- [Problem requirements] Beginning with the first line, retype exactly the records below up to and including the line with "Give a very brief answer. 1."; pictures do not belong in the copy.

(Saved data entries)
*****
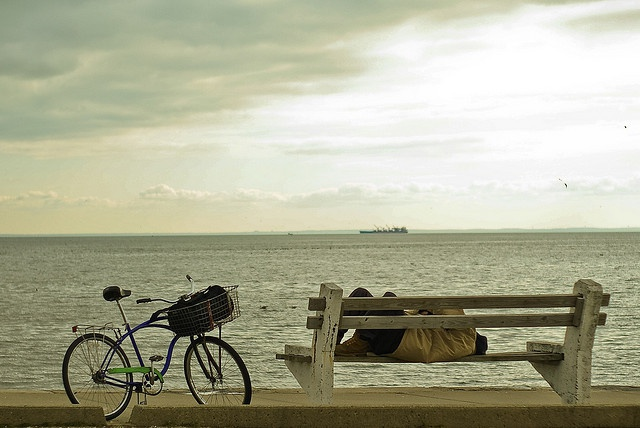Describe the objects in this image and their specific colors. I can see bench in gray, black, darkgreen, and olive tones, bicycle in gray, black, and darkgray tones, people in gray, black, olive, and tan tones, handbag in gray, black, and darkgreen tones, and boat in gray, beige, and darkgray tones in this image. 
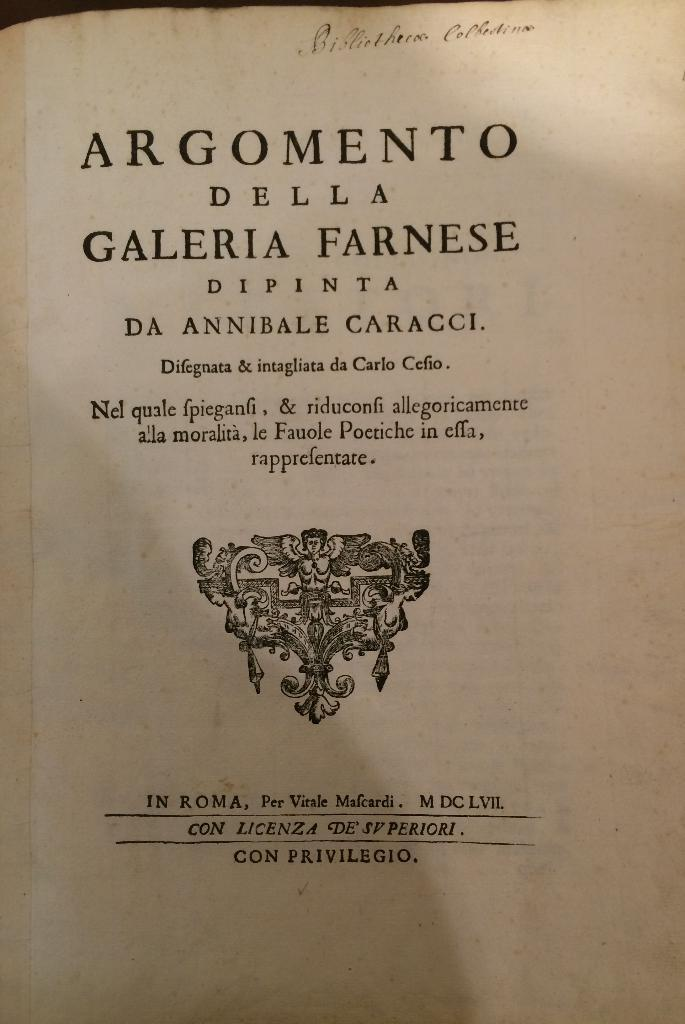Provide a one-sentence caption for the provided image. A book written in Italian sits open to its title page. 
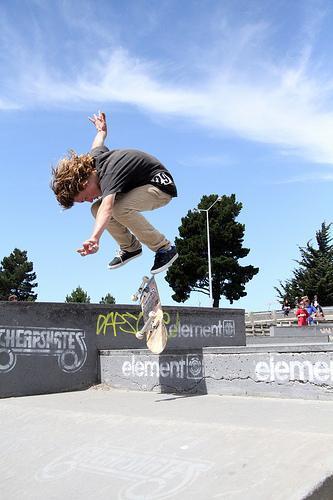How many people are in the air?
Give a very brief answer. 1. 
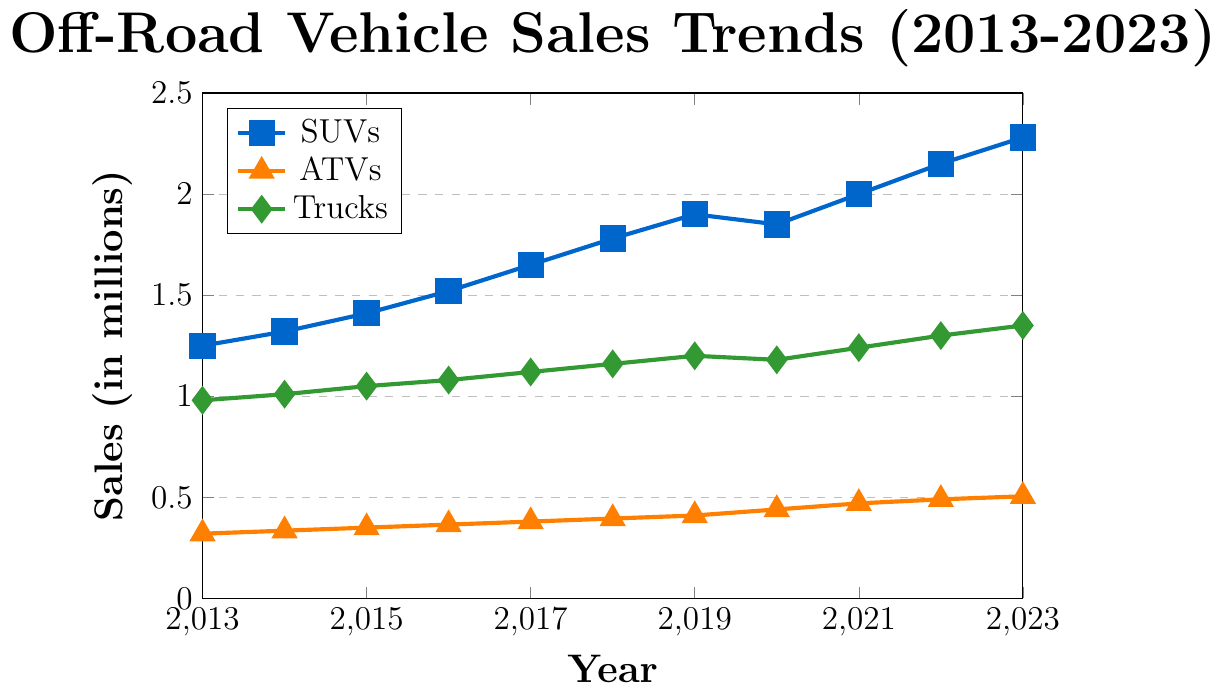What type of off-road vehicle had the highest sales in 2023? Observe the highest points on the y-axis in 2023. The SUV category is the highest among all.
Answer: SUVs What year did ATVs sales surpass 400,000 units? Look for the year when the ATV line reaches just above 0.4 million units on the y-axis.
Answer: 2020 How much did truck sales increase from 2013 to 2023? Determine the difference in truck sales between 2023 and 2013 by subtracting the 2013 value from the 2023 value (1,350,000 - 980,000 = 370,000).
Answer: 370,000 In which year did SUV sales experience a dip? Check for a year where there's a noticeable drop in the SUV sales trend. Sales dropped slightly from 2019 (1,900,000) to 2020 (1,850,000).
Answer: 2020 What is the average annual increase in ATV sales from 2013 to 2023? Calculate the annual increase by subtracting the 2013 sales from the 2023 sales, then divide by the number of years: (505,000 - 320,000) / 10 = 18,500 units per year.
Answer: 18,500 Which type of vehicle showed the greatest increase in sales from 2019 to 2023? Compare the increases for each type of vehicle: SUVs (2,280,000 - 1,900,000 = 380,000), ATVs (505,000 - 410,000 = 95,000), Trucks (1,350,000 - 1,200,000 = 150,000).
Answer: SUVs Between 2013 and 2018, which vehicle type saw the highest percentage increase in sales? Calculate the percentage increase for each vehicle from 2013 to 2018: SUVs [(1,780,000 - 1,250,000) / 1,250,000 ≈ 42.4%], ATVs [(395,000 - 320,000) / 320,000 ≈ 23.4%], Trucks [(1,160,000 - 980,000) / 980,000 ≈ 18.4%]. SUVs saw the highest increase.
Answer: SUVs How did the sales trends of trucks and SUVs compare between 2016 and 2017? Observe the slopes of the lines between 2016 and 2017 for trucks and SUVs. Full year values are SUVs (1,520,000 to 1,650,000 = +130,000), trucks (1,080,000 to 1,120,000 = +40,000).
Answer: SUVs increased more Which vehicle showed a constant increase in sales every year from 2013 to 2023? Check the lines for steady upward trends each year without dips. The SUV and ATV lines both show consistent yearly increases, although SUVs have a slight dip in 2020.
Answer: ATVs 
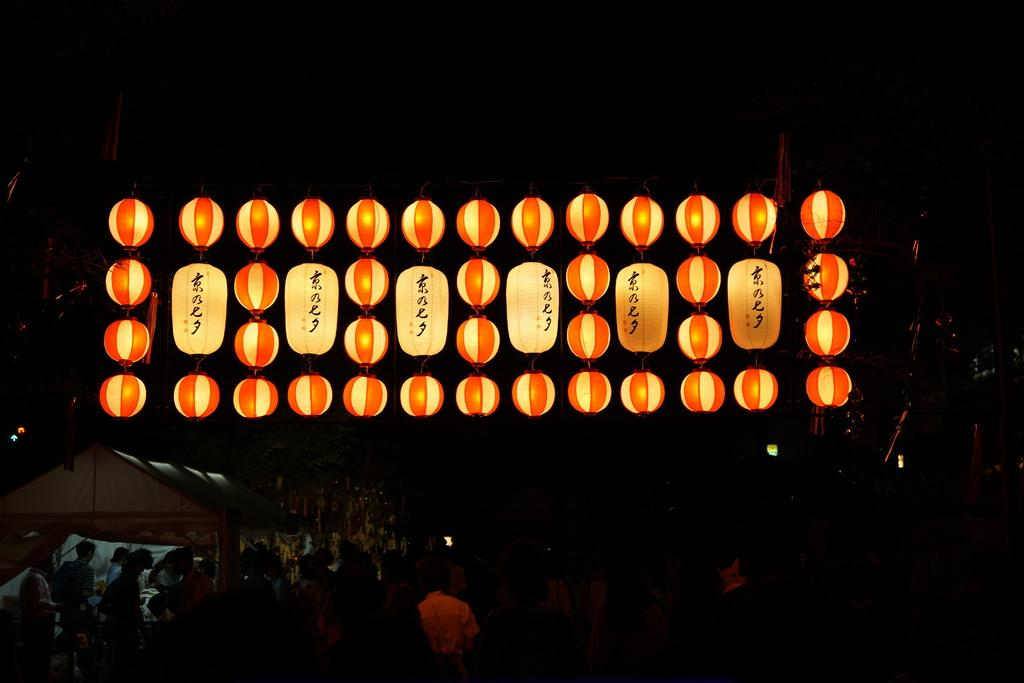What objects are present in the image that provide light? There are lanterns in the image that provide light. What else can be seen in the image besides the lanterns? There are people standing in the image. What structure is located on the left side of the image? There appears to be a house on the left side of the image. How would you describe the overall lighting in the image? The background of the image is dark. What type of riddle is being solved by the people in the image? There is no indication in the image that the people are solving a riddle. How much does the bucket weigh in the image? There is no bucket present in the image, so its weight cannot be determined. 
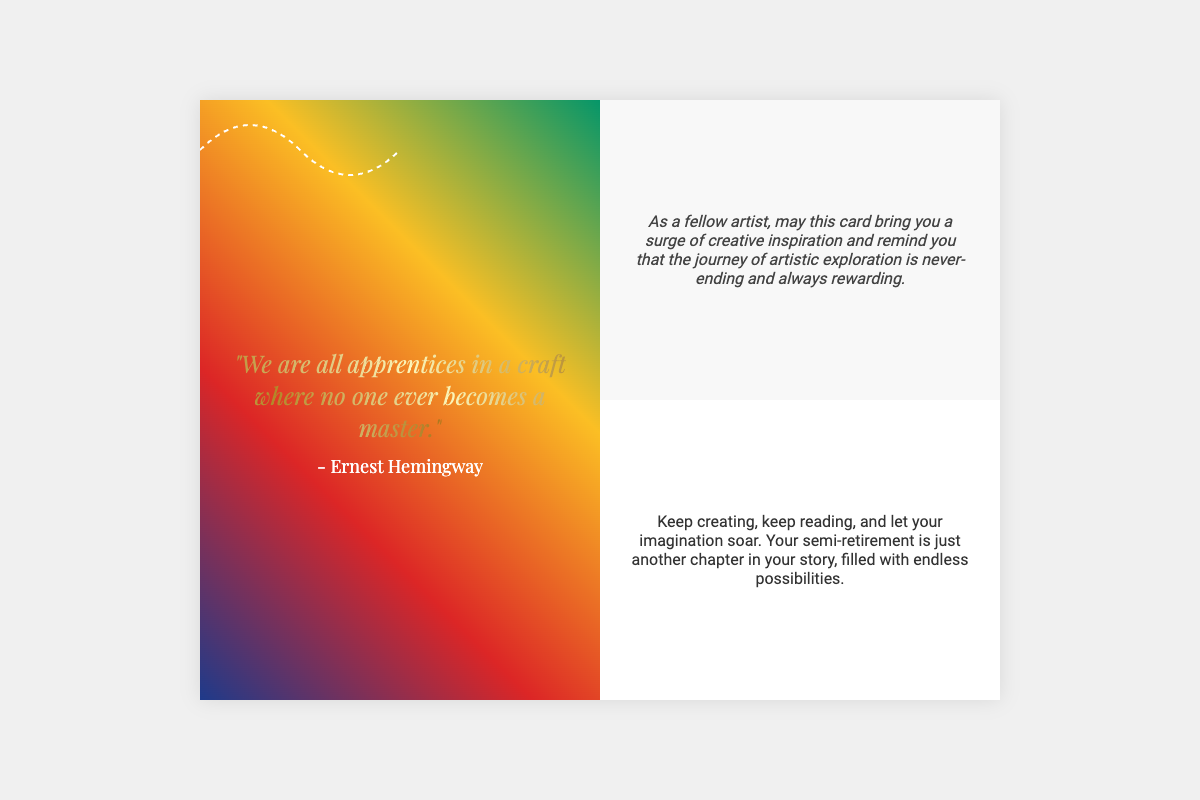What quote is featured on the card? The quote is displayed prominently in the front cover, stating, "We are all apprentices in a craft where no one ever becomes a master."
Answer: "We are all apprentices in a craft where no one ever becomes a master." Who is the author of the quote? The author’s name is included beneath the quote on the front cover of the card.
Answer: - Ernest Hemingway What colors are used in the gradient on the front cover? The gradient features several colors listed by their specific codes: #1E3A8A, #DC2626, #FBBF24, #059669.
Answer: #1E3A8A, #DC2626, #FBBF24, #059669 What is the primary theme of the card? The card conveys a message of artistic inspiration and the continuous journey of artistic exploration, as detailed in the inside text.
Answer: Artistic inspiration How many sections are there inside the card? The inside of the card consists of two distinct sections for personalized messages.
Answer: Two What is the visual effect applied to the flowing lines? The flowing lines have a specific animation that makes them appear to move continuously across the card.
Answer: Animation What style is the text in the inside left section? The text in the left-hand section uses italics and is styled to evoke a sense of creativity.
Answer: Italic What message is conveyed about semi-retirement? The inside text encourages creativity and perceives semi-retirement as a new opportunity for inspiration and exploration.
Answer: Endless possibilities 
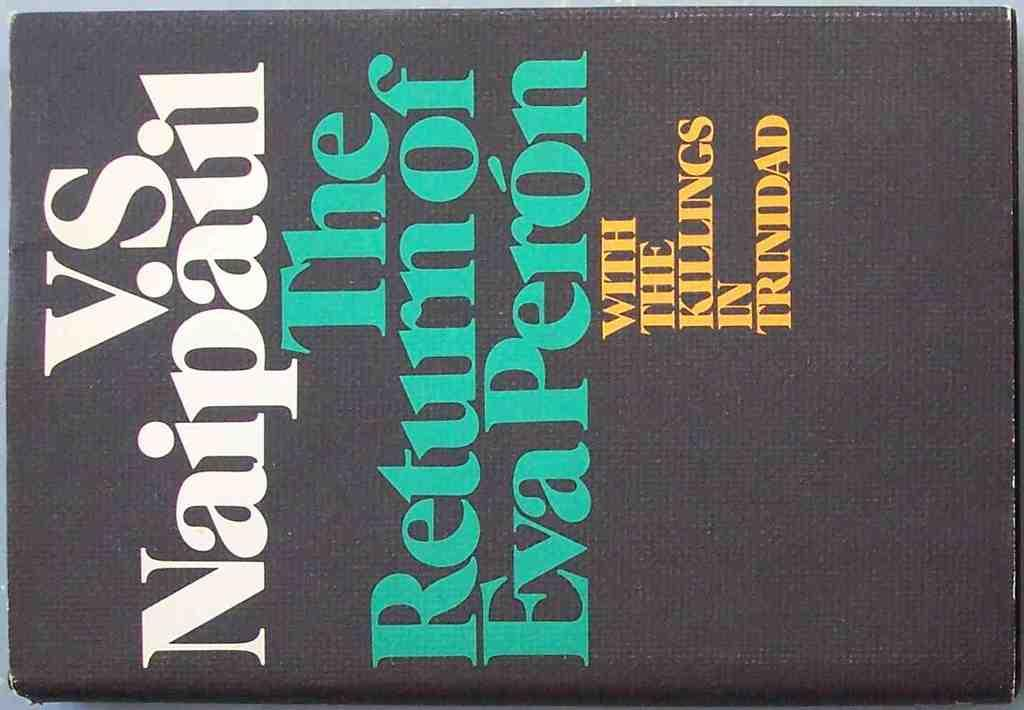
*****
- [Response below]
Describe the objects in this image and their specific colors. I can see bench in gray, black, darkgreen, and olive tones, bicycle in gray, black, and darkgray tones, people in gray, black, olive, and tan tones, handbag in gray, black, and darkgreen tones, and boat in gray, beige, and darkgray tones in this image. 
Provide a one-sentence caption for the provided image. A book written in Italian sits open to its title page. 
How many people are in the air?
Give a very brief answer. 1. 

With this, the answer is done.